If that doesn’t immediately connect in our minds with “speaking the truth in love,” notice the very next verse (Ephesians 4:13):
“until we all reach unity in the faith and in the knowledge of the Son of God and become mature, attaining to the whole measure of the fullness of Christ”
Do you see it? Verses 11 and 12 say Christ gave the various offices of the Church to prepare and equip his people for service – until we come to maturity in him (vs. 13), which is exactly the reason Paul gives in verse 15 for speaking the truth in love.
But let’s look at that expression a little more closely. The Greek Paul wrote is “alētheuontes de en agapē” which is literally “being true, yet in love.” The first word there – a form of alētheuō – can mean to speak the truth, teach the truth, or live the truth.
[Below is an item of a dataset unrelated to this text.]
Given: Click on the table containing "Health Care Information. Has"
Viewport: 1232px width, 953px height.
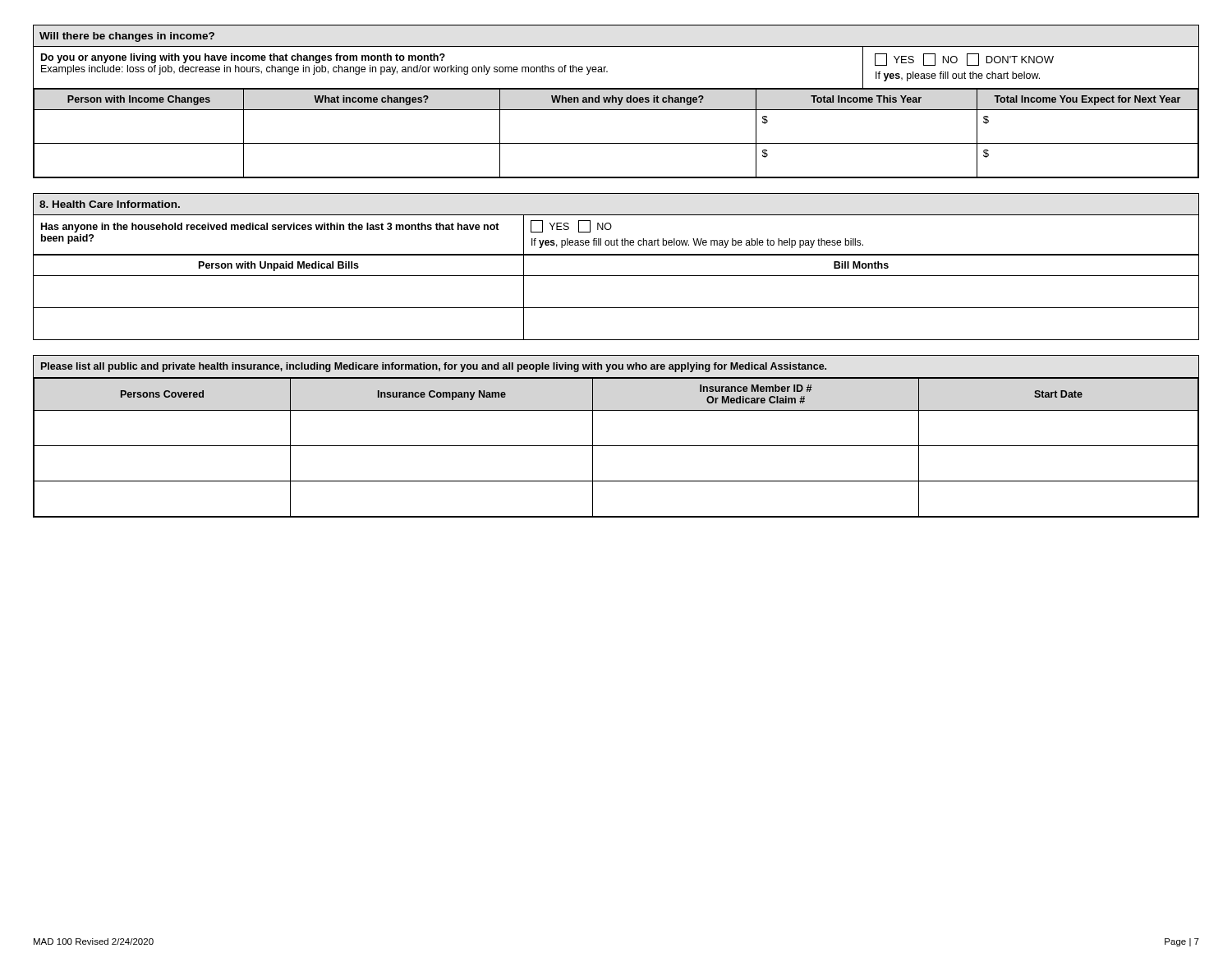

This is important because the second meaning – to teach the truth – is obviously involved in the context of Ephesians 4. Paul is talking about the various types of preachers and teachers in the Church, and he doesn’t just mean they should not lie, but that they should teach the truth – that’s how the Church then grows into the stature of Christ (vs. 15).
Notice that the third meaning of alētheuō is that of living the truth. This may apply in this verse also. Clearly, it is only as we live the truth, not just profess it, that we grow towards the stature of Christ. That is why the Revised version, in Ephesians 4:15, gives an alternate translation of “speaking the truth” as “to deal truly,” and the Douay Rheims version translates it “doing the truth in charity.” The Amplified Version expands on this aspect of the verse by paraphrasing: “let our lives lovingly express truth [in all things, speaking truly, dealing truly, living truly]” (AMPC).
So when we look closely at Ephesians 4:15, the focus of the verse in context is one of the responsibility for those who handle the word of God to teach the truth, and the responsibility all of us have to make truth a part of our lives of love. The emphasis is not on our telling others the truth they need to hear – as in the “tough love” kind of truth we give – but on the true love kind of truth we live.